Best practice dictates that we use root privileges as little as possible and that we don’t utilize root privileges across the network when possible to avoid doing so.

Therefore, we will create a normal, non-privileged user, on each device that we intend to bring under Ansible control.  We will grant the user sudo privileges with no password required.  We could further limit the IPs from which this account can login and we could also limit the commands that the user is allowed to run. However, for this tutorial our user configuration will be sufficient and is typical for many business environments. We will gain some security through obscurity by creating the user with a unique name, one that would not typically be included in a script run by an attacker.

Prerequisites:  You should have two computers available running Linux, virtual machines are fine, as are Raspberry Pi’s. The two computers should be able to ping each other and you should be able ssh between the two computers.  This tutorial uses Debian 9.3 but all commands, aside from those that use apt-get, will run on any of the popular Linux distributions.

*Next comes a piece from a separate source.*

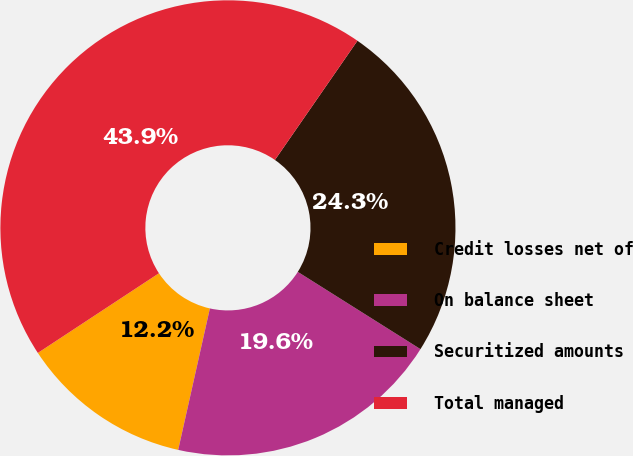Convert chart. <chart><loc_0><loc_0><loc_500><loc_500><pie_chart><fcel>Credit losses net of<fcel>On balance sheet<fcel>Securitized amounts<fcel>Total managed<nl><fcel>12.23%<fcel>19.56%<fcel>24.31%<fcel>43.9%<nl></chart>

Terminology:  There will be one Ansible server which will be referred to as the “server” for the purposes of automation.  It is from this server that we will manage one or more “client” devices also known as hosts in Ansible terminology.  When you see server in this tutorial, it will refer to the device on which Ansible is installed.  When you see client in this tutorial, it will refer to the host or hosts that will be managed by Ansible.

Preparing for Ansible

We will use a custom user for our automation efforts. The user will need to be created on the Ansible server and any client hosts that we will manage with Ansible. This user will not have a password and therefore will not be able to login directly.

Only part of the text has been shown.